• Data shown
----

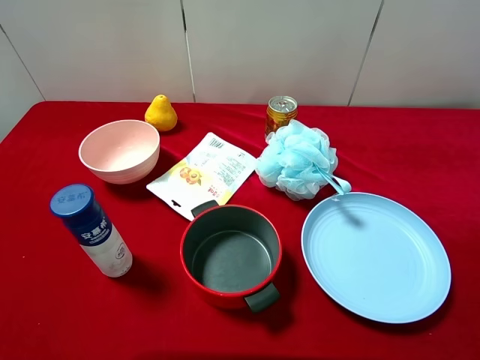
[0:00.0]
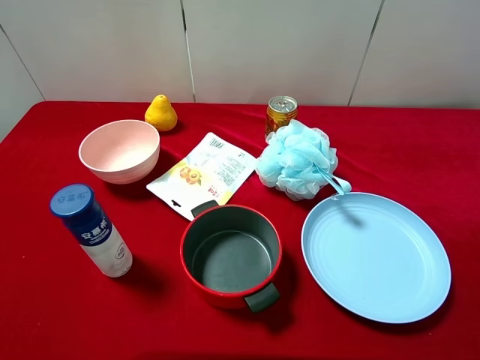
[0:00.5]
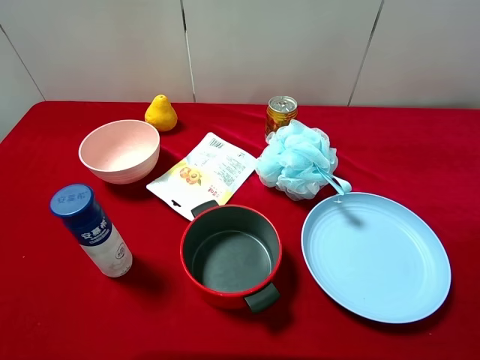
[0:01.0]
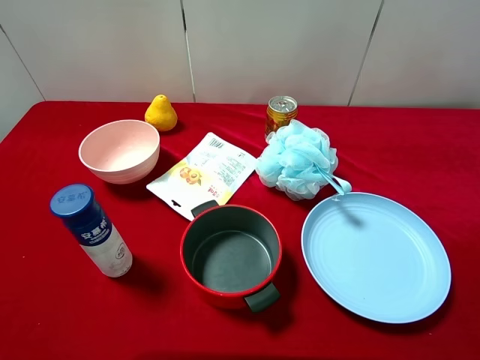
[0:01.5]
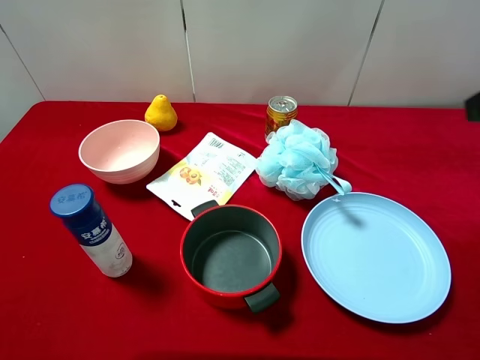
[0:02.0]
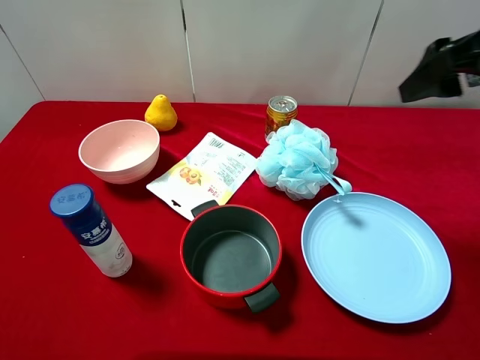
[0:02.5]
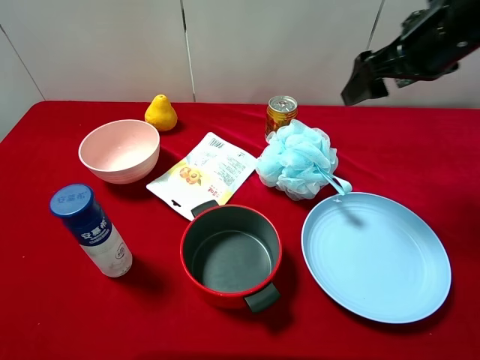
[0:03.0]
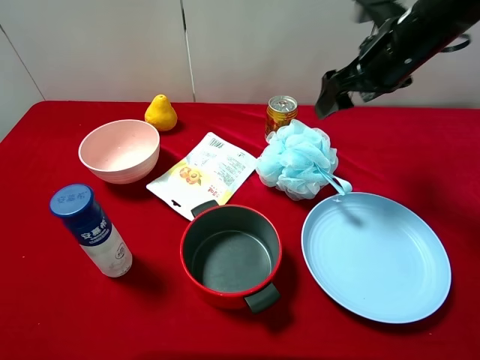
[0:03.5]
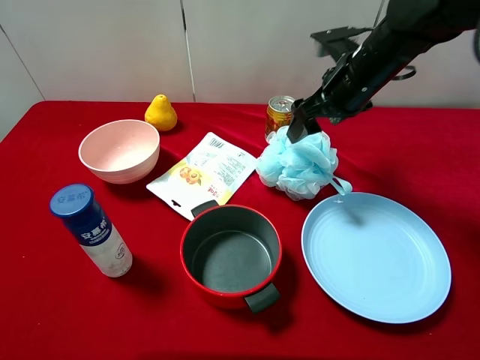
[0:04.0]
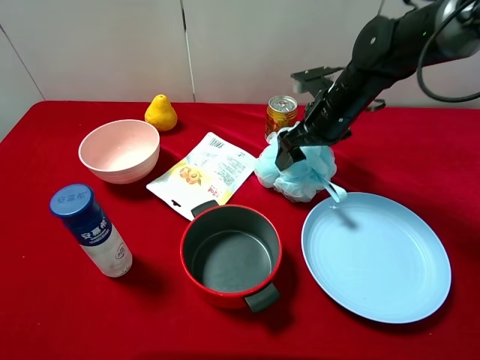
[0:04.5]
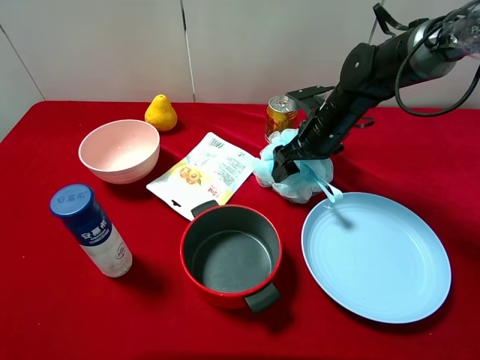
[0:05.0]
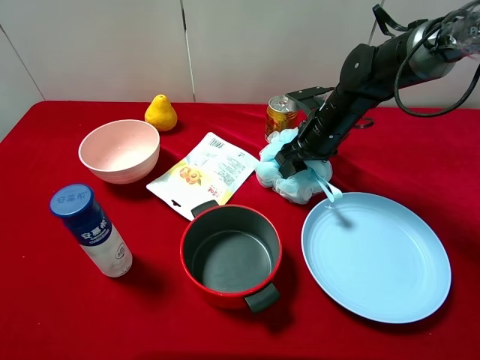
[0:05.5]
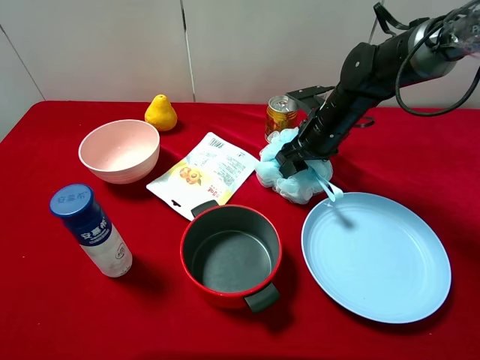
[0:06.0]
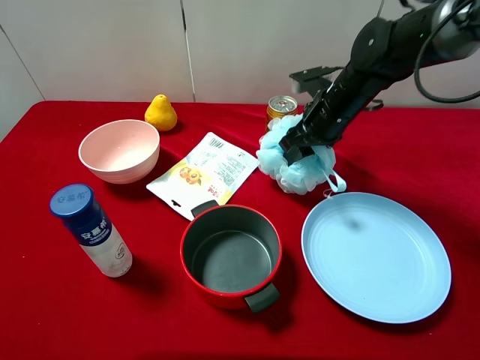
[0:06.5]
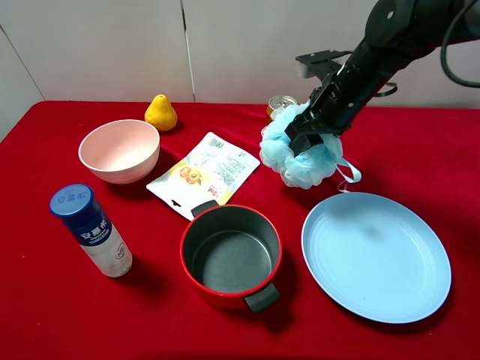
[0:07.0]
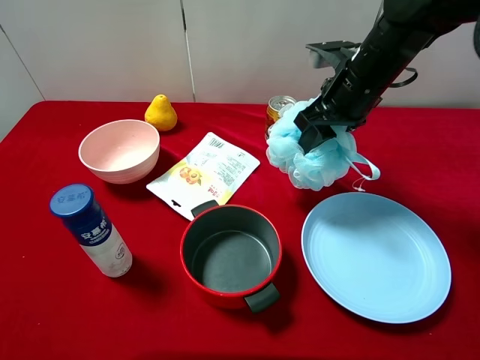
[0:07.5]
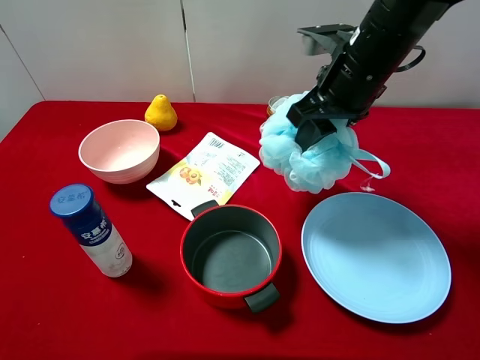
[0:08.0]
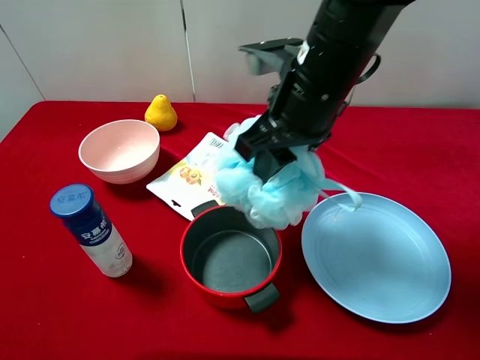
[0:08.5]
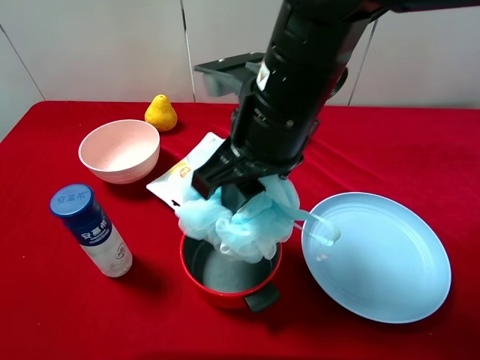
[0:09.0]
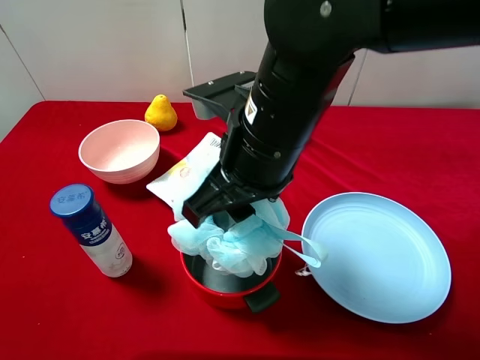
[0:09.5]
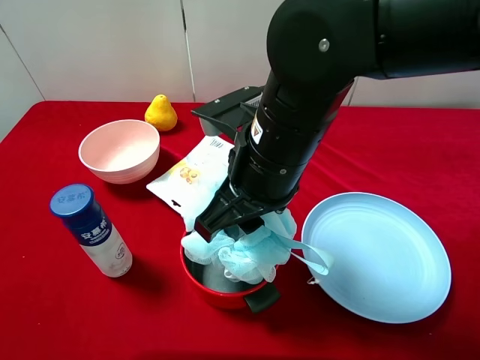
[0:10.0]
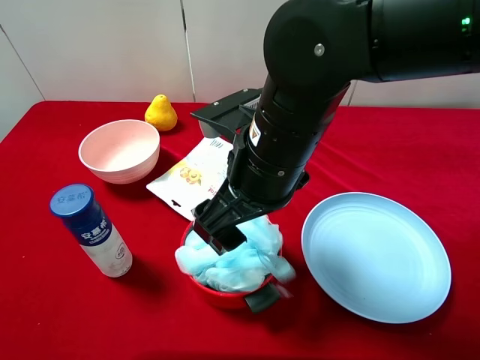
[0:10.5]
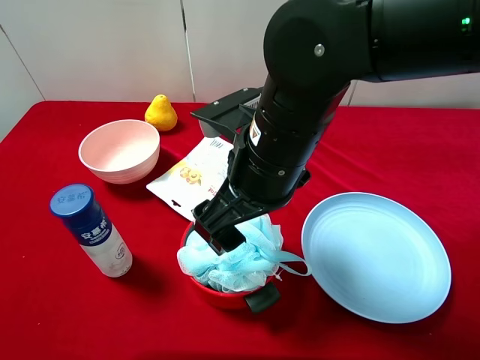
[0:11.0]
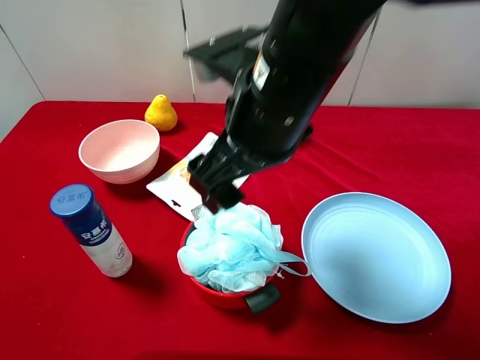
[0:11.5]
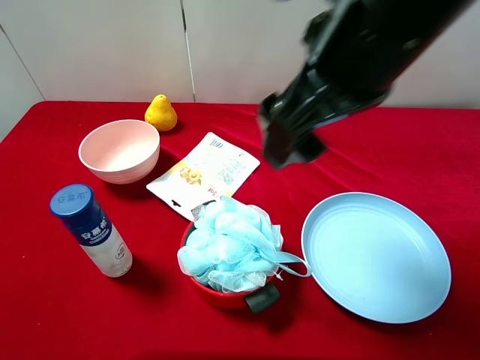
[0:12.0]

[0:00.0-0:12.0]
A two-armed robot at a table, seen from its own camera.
Task of the whole recording: pick up an item with a gripper and place it in a random container on the desktop.
0:02.0 to 0:04.0: The right gripper is displaced forward, downward and to the left by some 30 cm.
0:04.0 to 0:06.0: The right gripper goes approximately 10 cm downward, and closes up.
0:06.0 to 0:08.0: The right gripper goes some 15 cm upward and backward.
0:08.0 to 0:10.0: The right gripper shifts about 15 cm backward and to the left.
0:10.0 to 0:12.0: The right gripper heads upward and to the right, covering about 15 cm, and opens up.

----

• What needs to be done
A verbatim transcription of the records, pictures excluded, is the required output.

• Your response
[0:00.0]
[0:00.5]
[0:01.0]
[0:01.5]
[0:02.0]
[0:02.5]
[0:03.0]
[0:03.5]
[0:04.0]
[0:04.5]
[0:05.0]
[0:05.5]
[0:06.0]
[0:06.5]
[0:07.0]
[0:07.5]
[0:08.0]
[0:08.5]
[0:09.0]
[0:09.5]
[0:10.0]
[0:10.5]
[0:11.0]
[0:11.5]
[0:12.0]

[0:00.0-0:12.0]
A two-armed robot at a table, seen from its own camera.
Task of the whole recording: pick up an item with a gripper and place it in a random container on the desktop.
0:02.0 to 0:04.0: The right gripper is displaced forward, downward and to the left by some 30 cm.
0:04.0 to 0:06.0: The right gripper goes approximately 10 cm downward, and closes up.
0:06.0 to 0:08.0: The right gripper goes some 15 cm upward and backward.
0:08.0 to 0:10.0: The right gripper shifts about 15 cm backward and to the left.
0:10.0 to 0:12.0: The right gripper heads upward and to the right, covering about 15 cm, and opens up.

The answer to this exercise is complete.